Background: The hematopoietic stem cells have been one of the major targets for designing human gene therapy of genetic disorders and malignant diseases. As a step toward the clinical application of gene transfer into hematopoietic stem cells, we have infecteded LNCX retroviral vector into purified CD34+ bone marrow cells and examined the effect of fibronectin on transduction.
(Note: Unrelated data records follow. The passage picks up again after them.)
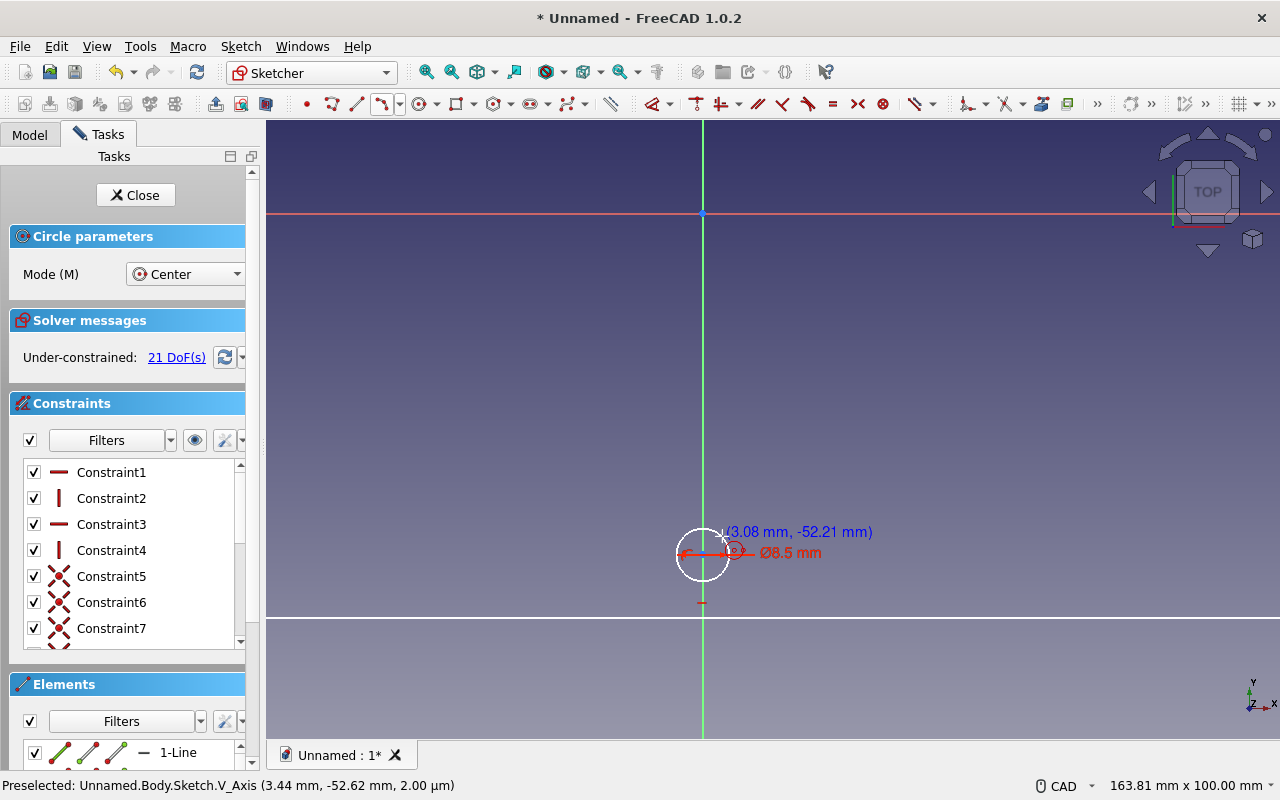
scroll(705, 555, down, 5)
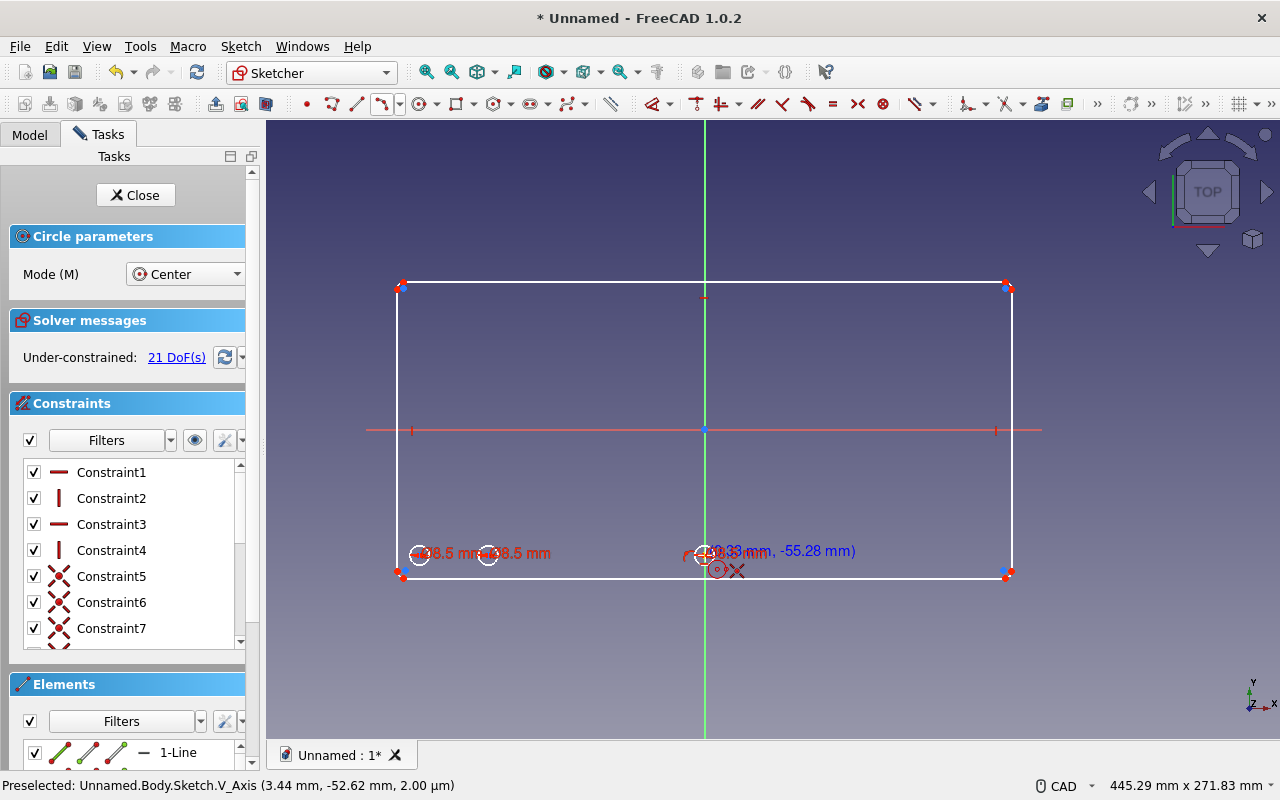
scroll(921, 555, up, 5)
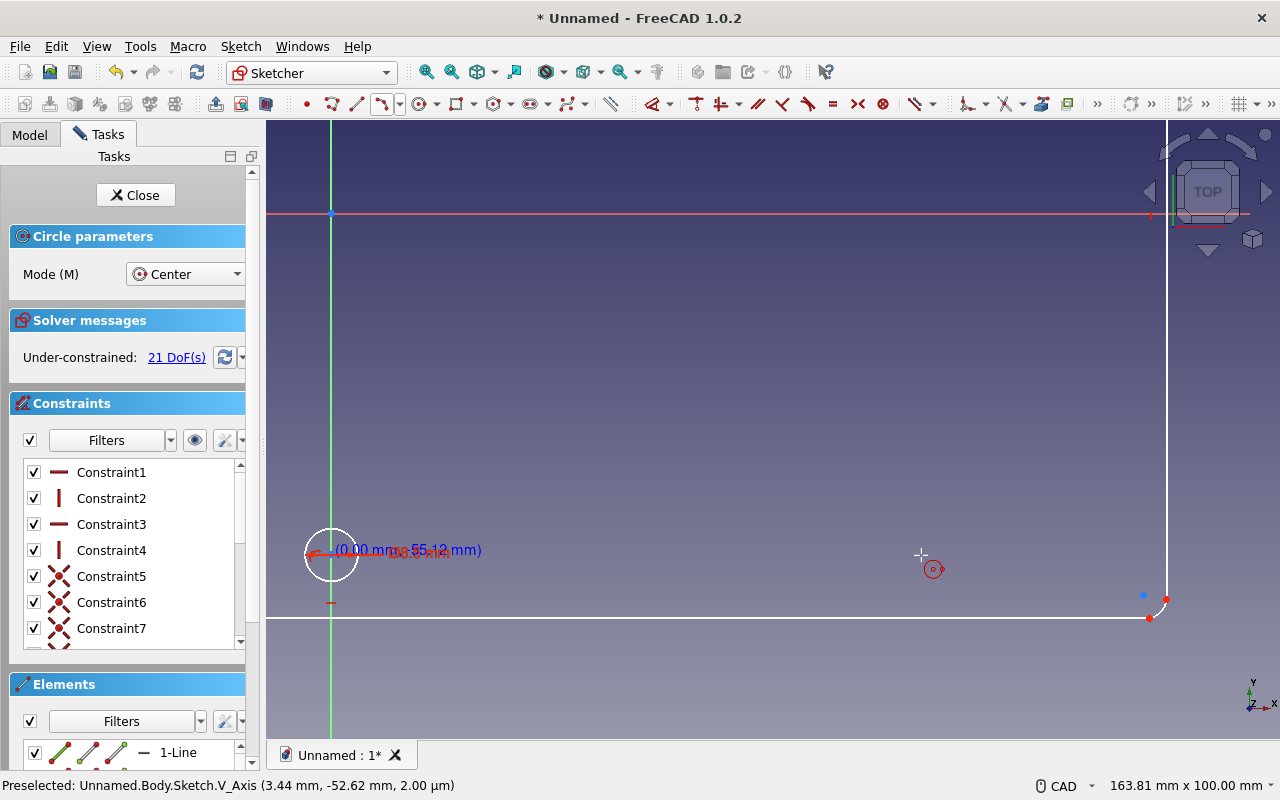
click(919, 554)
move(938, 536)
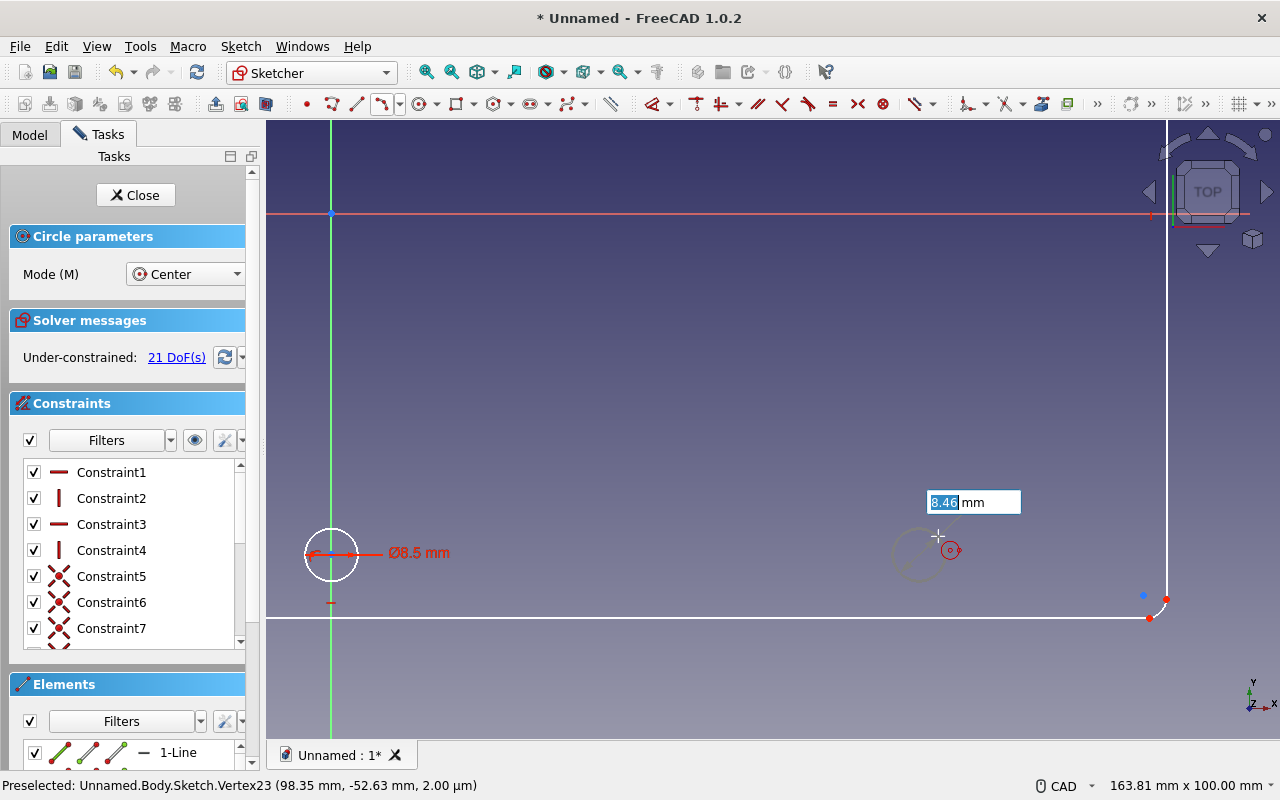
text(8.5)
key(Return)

Methods : CD34+ bone marrow cells were purified in 3 normal marrow donors by immunomagnetic microbead methods, and subsequently primed with stem cell factor(SCF), interleukin-3(IL-3), interleukin-6(IL-6) for 48 hours. After priming, CD34+ bone marrow cells were cultured at a density of 2× 10 5 5mL in supemant containing neoR gene inserted LNCX retroviral vector for 72 hours. Cultures were supplemented with protamine, SCF, IL-3 and IL-6. Every 24 hours, cells were spun down and resuspended in fresh retroviral supernant, protamine and growth factors. After retroviral-mediated gene transfer, clonogenic assay and polymerase chain reaction(PCR) analysis were taken.
Results :
1) At clonogenic assay, hematopoietic colonies were found in all LNCX retroviral-infected CD34+ cells-plated culture, irrespective of use of G4l8(0.9mg/mL), but in Mock-infected CD34+ cells plated culture, any colonies were not observed with use of G4l8. After retroviral-mediated gene transfer, no major shift in colony composition was found.
2) PCR analysis revealed amplified neoR gene band in LNCX retroviral-infected colonies, but not in Mock-infected colonies.
3) LNCX retroviral-transduction efficiency(neoR %) was 14.8% in G418 clonogenic assay. Transduction efficiency was increased into 20.8% by use of fibronectin.
Conclusion : We showed effective LNCX retroviral-infection into normal CD34+ bone marrow cells, which were separated with immunomagnetic microbead methods, and primed with SCF, IL-3 and IL-6 in fibronectin-coated culture flask. These preclinical data have contributed to the basis of ongoing gene transfer into hematopoietic stem cells.